# Testing fuel pressure



## jblakeslee (Nov 30, 2005)

1992 D21 KA24E w/fuel injection. What is the best way to check fuel pressure? There is no fitting on the fuel rail. 

Thanks in advance.


----------



## rogoman (Dec 16, 2004)

Remove the hose on the output side of the fuel filter and install a short piece of fuel hose with a tee for the fuel pressure gauge. Now reconnect the original hose to the tee and you're all set to go.


----------



## jblakeslee (Nov 30, 2005)

*Fuel Pressure testing*

Thanks...now all I need to check is if the fuel pressure gauge I have reads high enough......

The Haynes manual said it something about it should be 33 with vacuum and 43 without? What is that all about?

What should the pressue be at the output of the filter?


----------



## rogoman (Dec 16, 2004)

The pressure at the output of the filter will vary as dictated by the pressure regulator. The pressure regulator has a vacuum line connector which is what the Haynes manual refers to. With the engine idling or part-throttle operation, there is full vacuum at the regulator, thus 33 psi.
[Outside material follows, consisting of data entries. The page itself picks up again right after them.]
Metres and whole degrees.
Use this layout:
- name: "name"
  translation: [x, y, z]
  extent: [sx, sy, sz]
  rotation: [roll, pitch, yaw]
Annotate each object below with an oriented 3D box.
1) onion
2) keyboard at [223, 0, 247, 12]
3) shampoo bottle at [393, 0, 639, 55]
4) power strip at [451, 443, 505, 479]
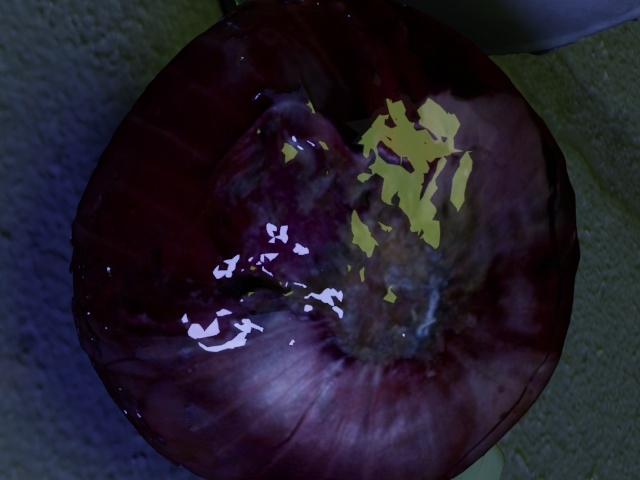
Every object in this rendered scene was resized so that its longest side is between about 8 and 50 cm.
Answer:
- name: "onion"
  translation: [0.000, 0.000, 0.703]
  extent: [0.252, 0.219, 0.252]
  rotation: [-6, 112, -14]
- name: "keyboard"
  translation: [-0.039, -0.150, 0.841]
  extent: [0.055, 0.014, 0.176]
  rotation: [-16, 90, -51]
- name: "shampoo bottle"
  translation: [0.101, -0.264, 0.825]
  extent: [0.273, 0.273, 0.266]
  rotation: [-56, 134, -42]
- name: "power strip"
  translation: [0.028, 0.171, 0.752]
  extent: [0.053, 0.093, 0.288]
  rotation: [49, 46, -29]
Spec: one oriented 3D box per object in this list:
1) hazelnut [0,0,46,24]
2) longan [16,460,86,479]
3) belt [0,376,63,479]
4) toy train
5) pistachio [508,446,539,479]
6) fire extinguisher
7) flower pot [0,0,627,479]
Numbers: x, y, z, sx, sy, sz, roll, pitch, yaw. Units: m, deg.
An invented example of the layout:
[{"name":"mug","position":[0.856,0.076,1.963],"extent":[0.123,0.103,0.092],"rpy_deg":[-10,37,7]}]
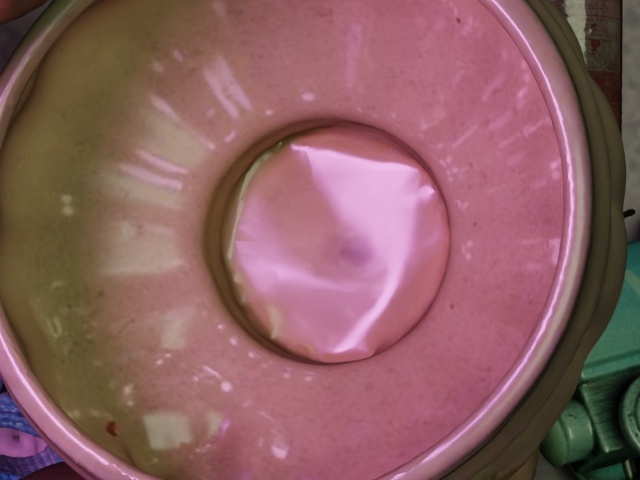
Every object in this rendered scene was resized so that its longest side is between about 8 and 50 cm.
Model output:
[{"name":"hazelnut","position":[-0.233,-0.208,0.891],"extent":[0.315,0.372,0.372],"rpy_deg":[44,68,-52]},{"name":"longan","position":[-0.107,0.231,0.983],"extent":[0.248,0.248,0.248],"rpy_deg":[1,87,-23]},{"name":"belt","position":[-0.203,0.080,1.030],"extent":[0.179,0.065,0.100],"rpy_deg":[8,94,-23]},{"name":"toy train","position":[0.230,0.058,1.207],"extent":[0.248,0.101,0.159],"rpy_deg":[-11,76,-24]},{"name":"pistachio","position":[0.072,0.074,1.129],"extent":[0.126,0.108,0.185],"rpy_deg":[-30,110,-56]},{"name":"fire extinguisher","position":[0.140,-0.091,1.162],"extent":[0.075,0.106,0.252],"rpy_deg":[2,86,0]},{"name":"flower pot","position":[0.000,0.000,0.961],"extent":[0.307,0.244,0.307],"rpy_deg":[-1,85,11]}]

At full throttle, no vacuum and 43 psi to provide more fuel flow that the engine needs.


----------



## cwilliamrose (Jul 11, 2010)

My V6 D21 runs 75-80psi unregulated.............Bill


----------



## jblakeslee (Nov 30, 2005)

thanks......common sense would tell me that if the pressure is low at the output of the filter, then I need to either just change the filter, and check again, or check the pressure before the filter.....the eliminate it as part of the problem.......


----------